Guðrún Ýr Eyfjörð Jóhannesdóttir (born 8 January 1996), known by the stage name GDRN, is an Icelandic singer and actress. Much of her music is jazz-influenced pop. She won four awards at the 2018 Icelandic Music Awards (including as pop singer of the year) and was nominated for the 2018 Nordic Music Prize.

Biography

Early life
Born in Reykjavík, Guðrún moved to Mosfellsbær at the age of four.

Football career
Guðrún started playing football with Afturelding junior teams at the age of five. She had her first taste with the senior team in July 2011, at the age of 15, when she was an unused substitute in match against Þróttur Reykjavík in the Icelandic top-tier Úrvalsdeild kvenna. She suffered a cruciate ligament tear in 2011 and a meniscus tear in 2012 and while she managed to play 7 matches in the Úrvalsdeild the following seasons, the injuries effectively ended her career following the 2014 season. In April 2022, she signed a 3-year deal to become one of Afturelding women's team primary sponsors.

Music career
She studied classical violin for 11 years, and later jazz piano and singing. She went to Reykjavík Junior College with the intention of becoming a medical doctor, but began making music in her last year of junior college which she would then focus on after graduation.
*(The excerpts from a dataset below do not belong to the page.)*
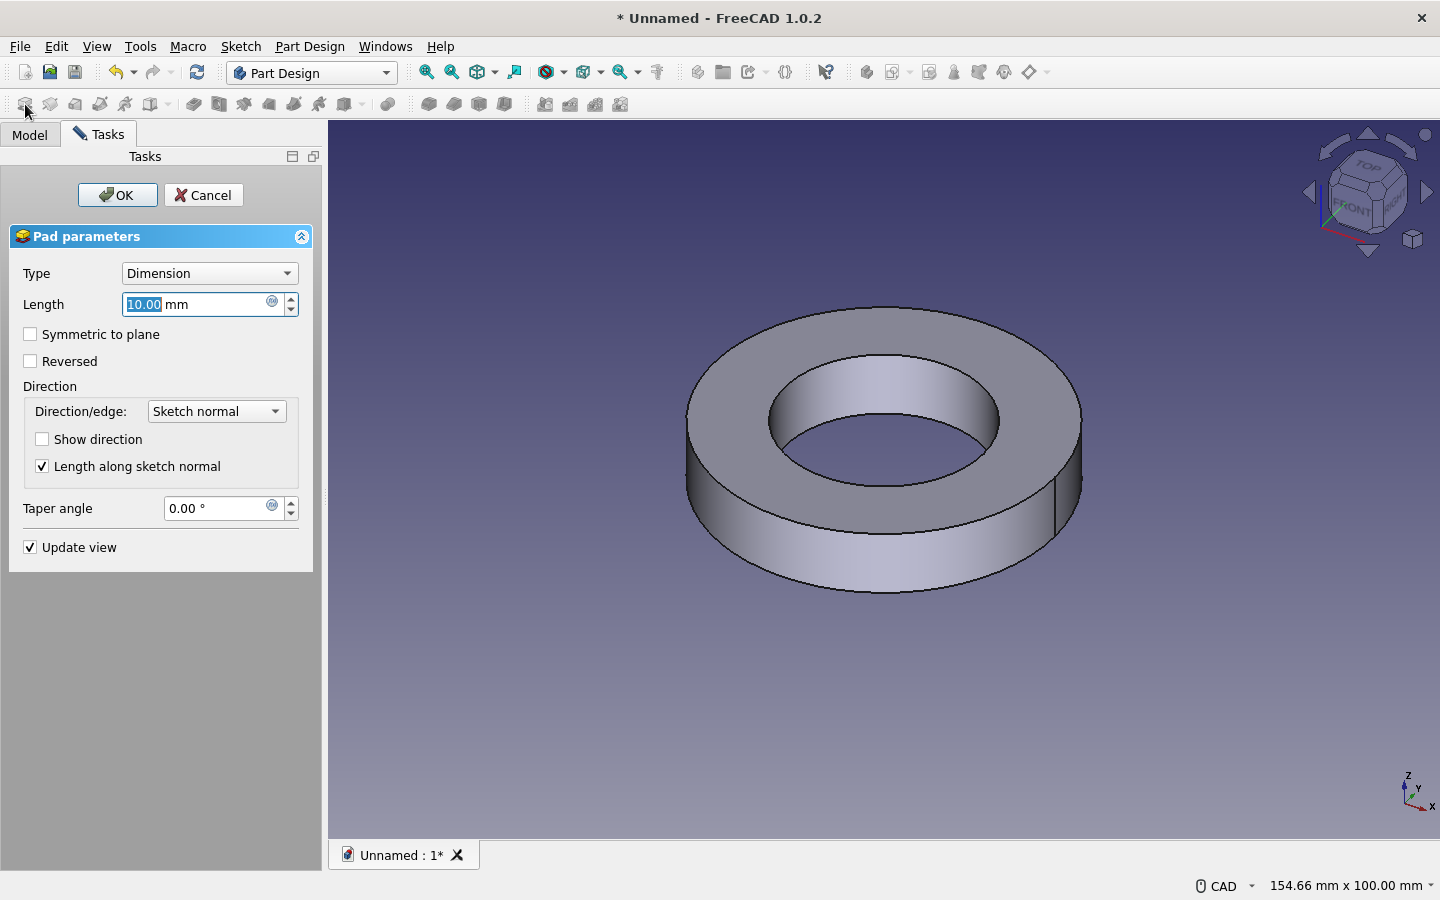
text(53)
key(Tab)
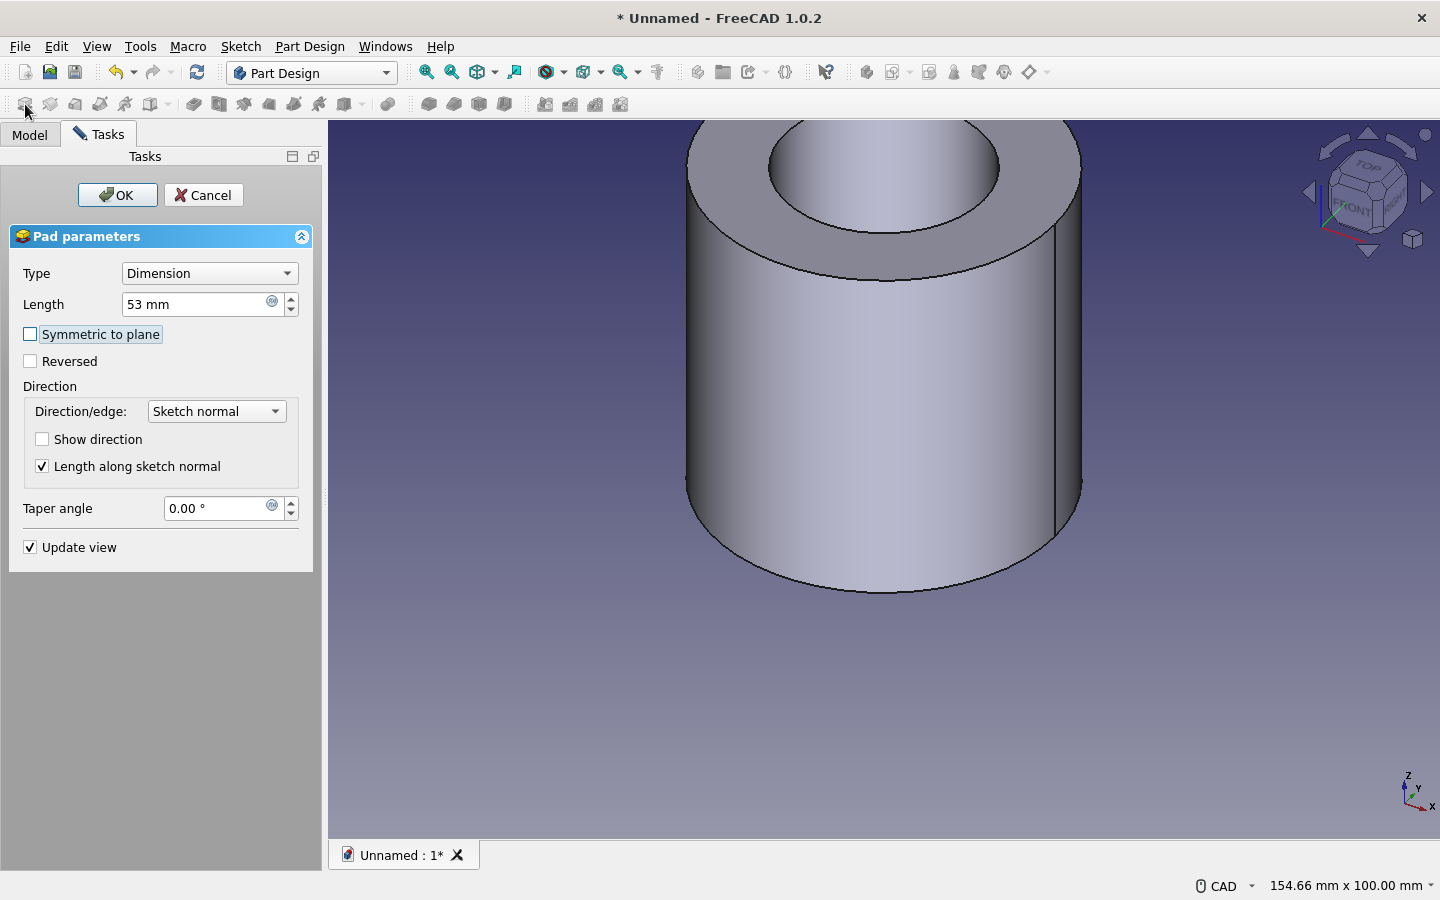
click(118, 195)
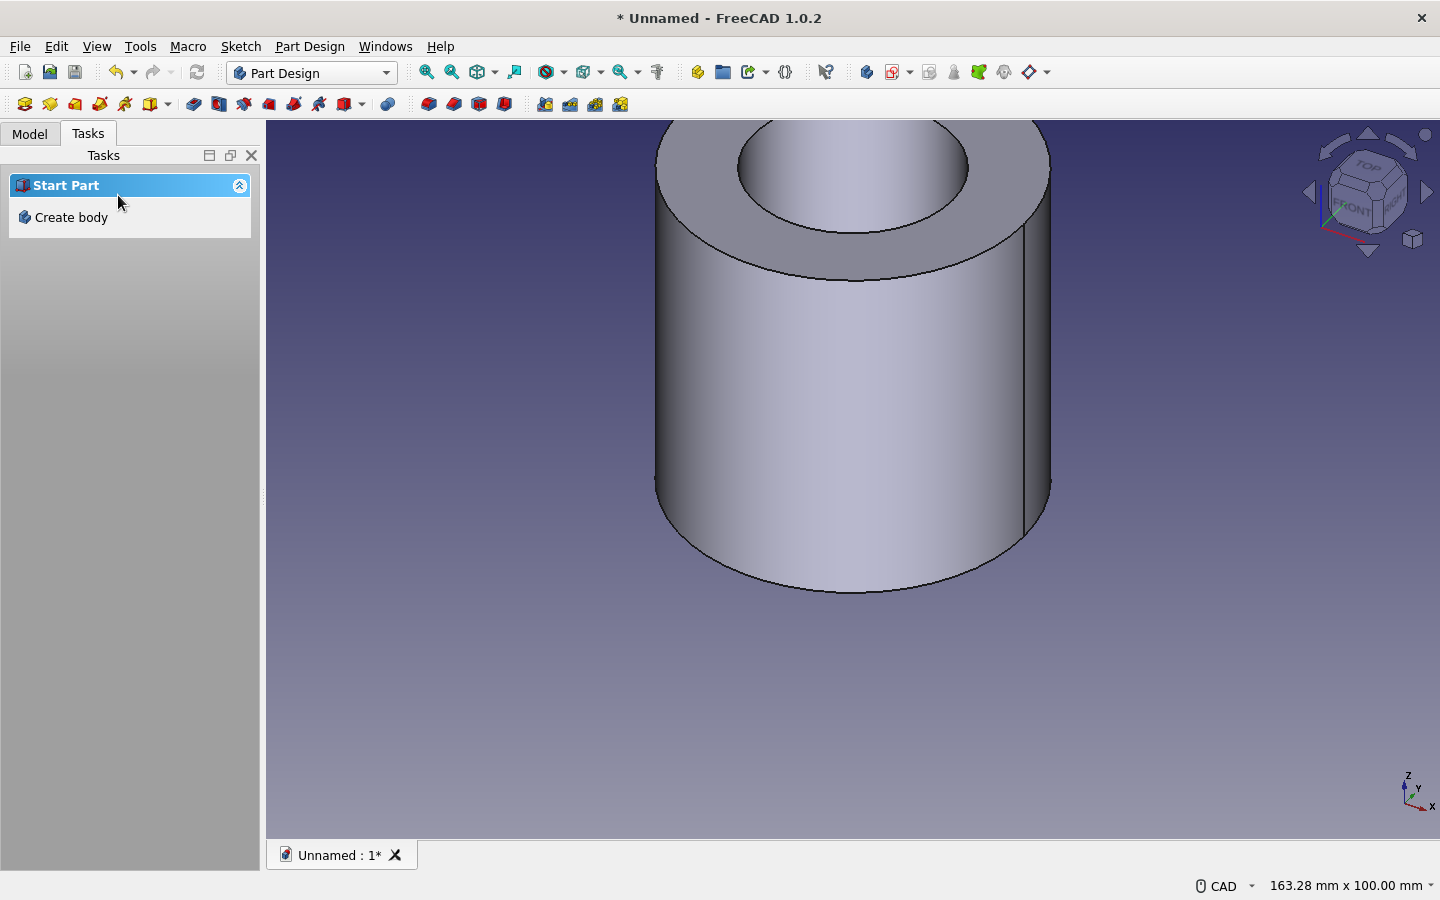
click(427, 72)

She writes her own lyrics, and co-produces her music with Teitur Helgi Skúlason and Bjarki Sigurðsson or her first album, and with Arnar Ingi Ingason and Magnús Jóhann Ragnarsson on her second.

Her first hit song was "Lætur mig" from 2018.

Guðrún headlined at the 2019 Þjóðhátíð and was chosen as Mosfellsbær's artist of 2019.

In 2019 she was a part of the music cast of the National Theatre of Iceland's production of Shakespeare in Love.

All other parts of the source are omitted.